A sermon titled Absalom cuts deeper. It explores the character and “downward path” of its subject to address wayward young men who, like David’s favored son, had “cast off their father’s God” and chosen temptation and bad companions. Absalom’s embrace of “pride, revenge, ingratitude, lack of mercy, and natural affection” had broken the heart of the father who had “expect[ed] to see him on the throne.” For his audience, Moody the Victorian linked the pain of David to that of distant, praying mothers, who wished to know “Is it well with my child?” Moody’s call was to settle with God and then to write home: “This is one of the most important Sabbaths of your life. Take a look into the old Home. Will you make their hearts sing for joy? You will write your first letter home today.”  The need to reconcile with home was connected powerfully to the need to reconcile with God:

“The first grate event in a young man’s life is when he leaves home for the first time most men & women have to do it/ Young man are you goin to let any sad tidings go home to saden the hearts of the loved ones – if your not right with God it is not well & it is not goin to be well.” (2)

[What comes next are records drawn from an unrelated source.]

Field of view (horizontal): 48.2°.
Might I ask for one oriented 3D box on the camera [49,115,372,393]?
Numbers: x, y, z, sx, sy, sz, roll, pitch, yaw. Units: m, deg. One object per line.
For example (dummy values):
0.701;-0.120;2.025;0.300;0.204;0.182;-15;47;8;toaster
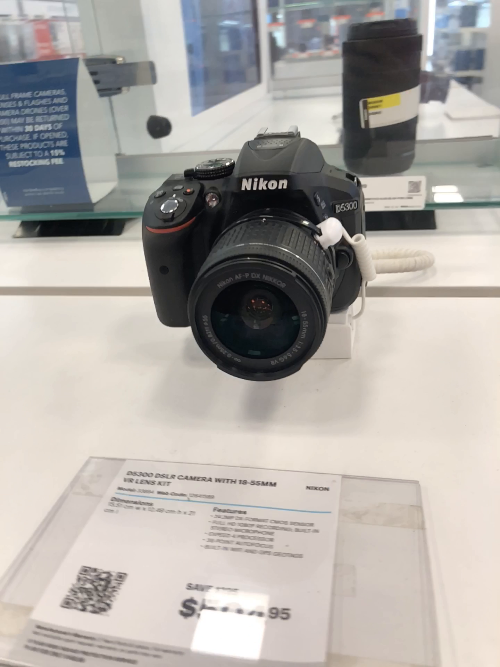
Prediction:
-0.002;-0.051;0.300;0.130;0.100;0.141;0;27;12;camera

I hope we do not press too hard into Moody’s thinking to say that loving acceptance of home was essential to the health of the soul. If young men could make peace with a gracious and demanding home, they could probably understand something about heaven and the inclination of the soul to God. Home was part of a flourishing life and a proper expectation of heaven, both of which he experienced himself at Northfield. 

Shortly after D.L. Moody’s passing, his recently widowed wife, Emma, captured this beautifully in a letter to Jane MacKinnon: “When I think of his homesickness of Heaven I like to remember too that the morning that he went he said Earth has been good to me & life has been very sweet but it is so much better to go!”


DANIEL J. KOEHLER, PhD is Associate Dean of the College for Academic Affairs at the University of Chicago and Editor of the D.L. Moody Digital Archives.  A historian of modern Europe and the modern Church, he explored Moody’s reception in continental Europe in his Ph.D. dissertation (University of Chicago, 2010), and has been involved in archiving and editing Moody’s works since 2012.


Footnotes

1. Bring Him Unto Me, Special Collections, Yale Divinity School Library, Dwight L Moody Papers, RG 28, Series 2, Box 10, Folder 5.

2. Absalom, Special Collections, Yale Divinity School Library, Dwight L Moody Papers, RG 28, Series 2, Box 10, Folder 1.